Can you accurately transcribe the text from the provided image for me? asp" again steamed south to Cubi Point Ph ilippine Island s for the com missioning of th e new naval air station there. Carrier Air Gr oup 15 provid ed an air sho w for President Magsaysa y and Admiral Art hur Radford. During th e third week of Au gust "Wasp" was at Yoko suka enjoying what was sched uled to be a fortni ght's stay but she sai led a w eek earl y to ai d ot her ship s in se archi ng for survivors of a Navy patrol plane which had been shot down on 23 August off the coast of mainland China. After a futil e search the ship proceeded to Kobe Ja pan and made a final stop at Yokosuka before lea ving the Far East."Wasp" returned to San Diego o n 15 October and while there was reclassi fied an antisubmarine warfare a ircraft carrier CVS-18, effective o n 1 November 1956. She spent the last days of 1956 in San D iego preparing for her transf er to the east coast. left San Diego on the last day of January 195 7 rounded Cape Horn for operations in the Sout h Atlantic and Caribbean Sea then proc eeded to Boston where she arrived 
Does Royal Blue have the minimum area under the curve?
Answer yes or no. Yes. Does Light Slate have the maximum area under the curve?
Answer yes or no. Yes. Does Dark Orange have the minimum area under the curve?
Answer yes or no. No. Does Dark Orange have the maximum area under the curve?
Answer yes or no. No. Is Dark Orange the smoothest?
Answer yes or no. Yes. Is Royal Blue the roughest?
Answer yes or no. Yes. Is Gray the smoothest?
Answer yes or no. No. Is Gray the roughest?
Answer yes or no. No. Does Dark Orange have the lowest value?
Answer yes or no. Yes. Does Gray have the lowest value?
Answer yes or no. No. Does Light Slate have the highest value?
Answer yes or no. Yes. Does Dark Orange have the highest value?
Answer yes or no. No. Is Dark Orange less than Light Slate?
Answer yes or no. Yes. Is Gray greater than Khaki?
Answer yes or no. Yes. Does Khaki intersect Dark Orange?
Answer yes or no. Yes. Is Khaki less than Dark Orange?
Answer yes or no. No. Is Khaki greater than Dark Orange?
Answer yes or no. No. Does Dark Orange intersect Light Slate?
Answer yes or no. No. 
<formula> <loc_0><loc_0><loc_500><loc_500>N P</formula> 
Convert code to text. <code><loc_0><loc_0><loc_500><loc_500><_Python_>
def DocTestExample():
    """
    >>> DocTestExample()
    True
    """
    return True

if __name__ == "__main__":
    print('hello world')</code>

########################################

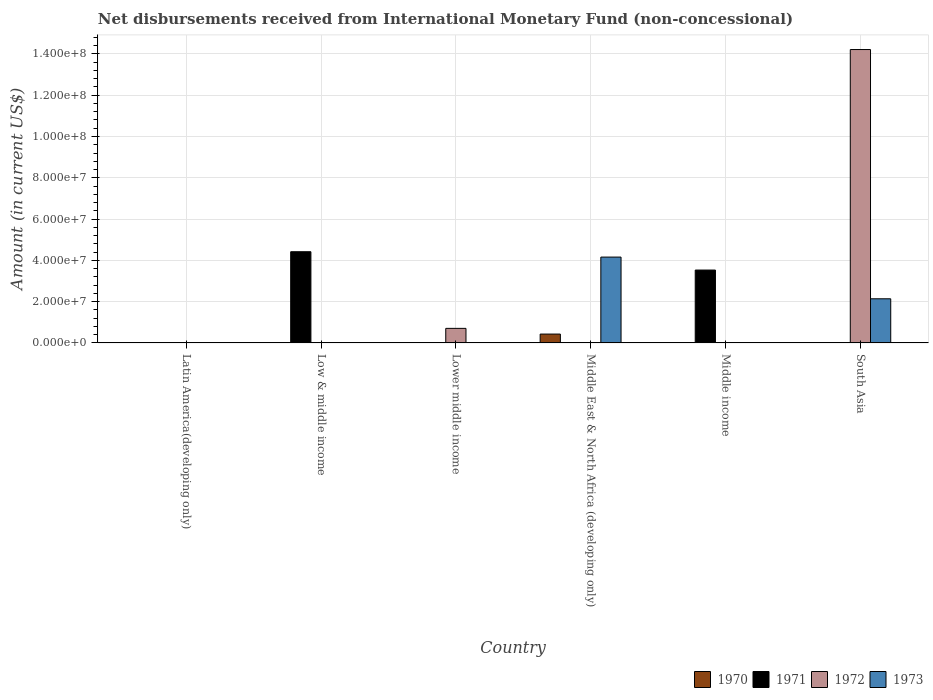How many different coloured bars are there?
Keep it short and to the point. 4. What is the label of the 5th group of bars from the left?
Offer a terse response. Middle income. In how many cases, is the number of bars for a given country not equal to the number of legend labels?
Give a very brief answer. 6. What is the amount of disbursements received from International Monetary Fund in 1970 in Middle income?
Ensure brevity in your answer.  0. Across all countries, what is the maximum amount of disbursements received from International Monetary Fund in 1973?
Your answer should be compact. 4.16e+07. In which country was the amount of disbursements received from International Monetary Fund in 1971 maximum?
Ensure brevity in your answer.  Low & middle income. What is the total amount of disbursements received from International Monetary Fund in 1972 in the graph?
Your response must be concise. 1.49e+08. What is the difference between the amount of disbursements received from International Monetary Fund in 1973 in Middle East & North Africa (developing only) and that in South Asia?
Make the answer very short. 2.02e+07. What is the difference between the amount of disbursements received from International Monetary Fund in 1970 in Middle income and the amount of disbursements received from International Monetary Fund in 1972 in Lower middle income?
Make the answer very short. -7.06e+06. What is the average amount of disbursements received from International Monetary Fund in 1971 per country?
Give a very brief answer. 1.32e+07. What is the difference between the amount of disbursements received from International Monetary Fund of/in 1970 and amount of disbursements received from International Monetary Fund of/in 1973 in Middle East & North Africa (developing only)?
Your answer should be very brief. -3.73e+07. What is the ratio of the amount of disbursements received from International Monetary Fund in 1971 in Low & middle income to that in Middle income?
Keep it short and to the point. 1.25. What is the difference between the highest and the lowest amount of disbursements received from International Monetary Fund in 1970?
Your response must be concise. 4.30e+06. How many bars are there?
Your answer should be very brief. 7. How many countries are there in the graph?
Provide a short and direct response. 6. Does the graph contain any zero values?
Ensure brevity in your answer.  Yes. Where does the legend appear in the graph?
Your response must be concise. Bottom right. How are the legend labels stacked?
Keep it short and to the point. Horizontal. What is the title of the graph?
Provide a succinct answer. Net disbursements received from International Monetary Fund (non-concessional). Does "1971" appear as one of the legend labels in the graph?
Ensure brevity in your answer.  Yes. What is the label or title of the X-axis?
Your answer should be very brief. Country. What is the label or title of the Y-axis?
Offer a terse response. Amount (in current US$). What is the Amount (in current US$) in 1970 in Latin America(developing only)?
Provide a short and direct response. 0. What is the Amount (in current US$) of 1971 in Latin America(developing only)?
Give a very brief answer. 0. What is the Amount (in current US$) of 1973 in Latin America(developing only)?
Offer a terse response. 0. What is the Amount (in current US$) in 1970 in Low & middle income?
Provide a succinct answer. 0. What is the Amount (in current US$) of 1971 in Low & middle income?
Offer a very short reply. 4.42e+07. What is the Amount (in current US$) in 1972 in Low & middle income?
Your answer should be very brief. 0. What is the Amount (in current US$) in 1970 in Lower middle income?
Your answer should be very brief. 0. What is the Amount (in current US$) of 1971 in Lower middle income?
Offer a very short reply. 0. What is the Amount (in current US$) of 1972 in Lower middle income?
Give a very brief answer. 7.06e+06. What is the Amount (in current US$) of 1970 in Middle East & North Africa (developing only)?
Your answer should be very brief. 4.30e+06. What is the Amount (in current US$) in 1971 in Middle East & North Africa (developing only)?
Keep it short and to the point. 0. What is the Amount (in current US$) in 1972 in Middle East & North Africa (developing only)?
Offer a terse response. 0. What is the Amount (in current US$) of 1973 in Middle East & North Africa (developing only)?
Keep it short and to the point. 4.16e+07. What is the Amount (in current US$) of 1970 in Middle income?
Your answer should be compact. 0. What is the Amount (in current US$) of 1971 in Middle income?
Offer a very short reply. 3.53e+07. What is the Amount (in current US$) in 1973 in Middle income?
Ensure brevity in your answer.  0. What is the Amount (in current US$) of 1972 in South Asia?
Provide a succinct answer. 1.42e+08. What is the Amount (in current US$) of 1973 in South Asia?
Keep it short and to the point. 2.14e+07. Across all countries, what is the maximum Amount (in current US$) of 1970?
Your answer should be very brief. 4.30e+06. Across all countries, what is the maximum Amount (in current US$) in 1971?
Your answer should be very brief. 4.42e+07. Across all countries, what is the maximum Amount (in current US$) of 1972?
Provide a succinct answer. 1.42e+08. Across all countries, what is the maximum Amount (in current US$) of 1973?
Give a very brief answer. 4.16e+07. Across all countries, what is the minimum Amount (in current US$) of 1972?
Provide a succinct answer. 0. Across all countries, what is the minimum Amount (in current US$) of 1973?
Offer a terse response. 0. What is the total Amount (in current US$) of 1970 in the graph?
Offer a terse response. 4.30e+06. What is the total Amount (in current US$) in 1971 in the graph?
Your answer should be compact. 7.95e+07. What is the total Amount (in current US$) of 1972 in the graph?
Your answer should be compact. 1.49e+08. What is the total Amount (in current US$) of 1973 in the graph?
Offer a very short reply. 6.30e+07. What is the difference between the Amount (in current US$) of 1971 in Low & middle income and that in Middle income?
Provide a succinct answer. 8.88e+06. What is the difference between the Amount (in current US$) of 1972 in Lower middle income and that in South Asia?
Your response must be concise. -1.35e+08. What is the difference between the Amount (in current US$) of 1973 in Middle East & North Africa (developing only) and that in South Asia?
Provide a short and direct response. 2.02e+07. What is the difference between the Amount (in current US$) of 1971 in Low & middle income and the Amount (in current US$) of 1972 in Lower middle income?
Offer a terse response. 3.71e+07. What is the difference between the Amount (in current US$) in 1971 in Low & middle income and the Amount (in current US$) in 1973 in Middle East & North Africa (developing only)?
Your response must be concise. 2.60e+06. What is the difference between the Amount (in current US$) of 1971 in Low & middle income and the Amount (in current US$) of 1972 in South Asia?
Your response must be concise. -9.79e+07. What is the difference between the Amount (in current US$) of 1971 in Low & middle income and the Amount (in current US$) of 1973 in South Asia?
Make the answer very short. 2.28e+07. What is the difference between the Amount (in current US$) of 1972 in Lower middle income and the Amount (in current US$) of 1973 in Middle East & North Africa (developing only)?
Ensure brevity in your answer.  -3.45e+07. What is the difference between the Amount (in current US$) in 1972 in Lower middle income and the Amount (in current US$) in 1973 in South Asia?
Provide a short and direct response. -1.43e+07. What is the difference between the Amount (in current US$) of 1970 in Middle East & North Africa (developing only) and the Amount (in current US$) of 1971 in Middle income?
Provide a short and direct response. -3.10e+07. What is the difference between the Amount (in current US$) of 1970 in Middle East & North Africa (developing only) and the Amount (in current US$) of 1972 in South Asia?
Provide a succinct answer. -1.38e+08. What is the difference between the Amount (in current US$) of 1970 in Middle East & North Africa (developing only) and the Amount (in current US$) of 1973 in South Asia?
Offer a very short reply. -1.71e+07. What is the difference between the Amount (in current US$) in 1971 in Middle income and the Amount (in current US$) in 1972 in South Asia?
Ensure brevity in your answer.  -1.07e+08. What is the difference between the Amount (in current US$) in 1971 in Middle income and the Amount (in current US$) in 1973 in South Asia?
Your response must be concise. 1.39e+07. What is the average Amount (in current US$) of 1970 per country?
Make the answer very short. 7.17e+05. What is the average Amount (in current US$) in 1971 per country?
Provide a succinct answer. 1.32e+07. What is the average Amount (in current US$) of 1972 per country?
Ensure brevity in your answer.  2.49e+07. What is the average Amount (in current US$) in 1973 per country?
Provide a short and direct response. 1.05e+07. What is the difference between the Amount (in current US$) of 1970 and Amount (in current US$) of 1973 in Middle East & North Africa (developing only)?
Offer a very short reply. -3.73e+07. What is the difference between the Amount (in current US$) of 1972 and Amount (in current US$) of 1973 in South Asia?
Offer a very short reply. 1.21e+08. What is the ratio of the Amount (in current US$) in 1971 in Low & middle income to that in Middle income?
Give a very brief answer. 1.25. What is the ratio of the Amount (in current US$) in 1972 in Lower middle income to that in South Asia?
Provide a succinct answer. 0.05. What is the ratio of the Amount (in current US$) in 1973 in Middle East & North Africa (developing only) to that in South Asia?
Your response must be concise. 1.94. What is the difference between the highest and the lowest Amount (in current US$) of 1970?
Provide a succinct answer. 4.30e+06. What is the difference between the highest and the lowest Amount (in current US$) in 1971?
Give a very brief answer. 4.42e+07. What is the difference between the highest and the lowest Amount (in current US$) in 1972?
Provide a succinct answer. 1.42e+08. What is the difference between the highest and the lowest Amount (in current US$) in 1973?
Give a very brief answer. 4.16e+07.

########################################

EXERCISE DETAILS: Line count for "area": state how many lines of the records contain it, and give only the number.

WRITTEN REPLY: 4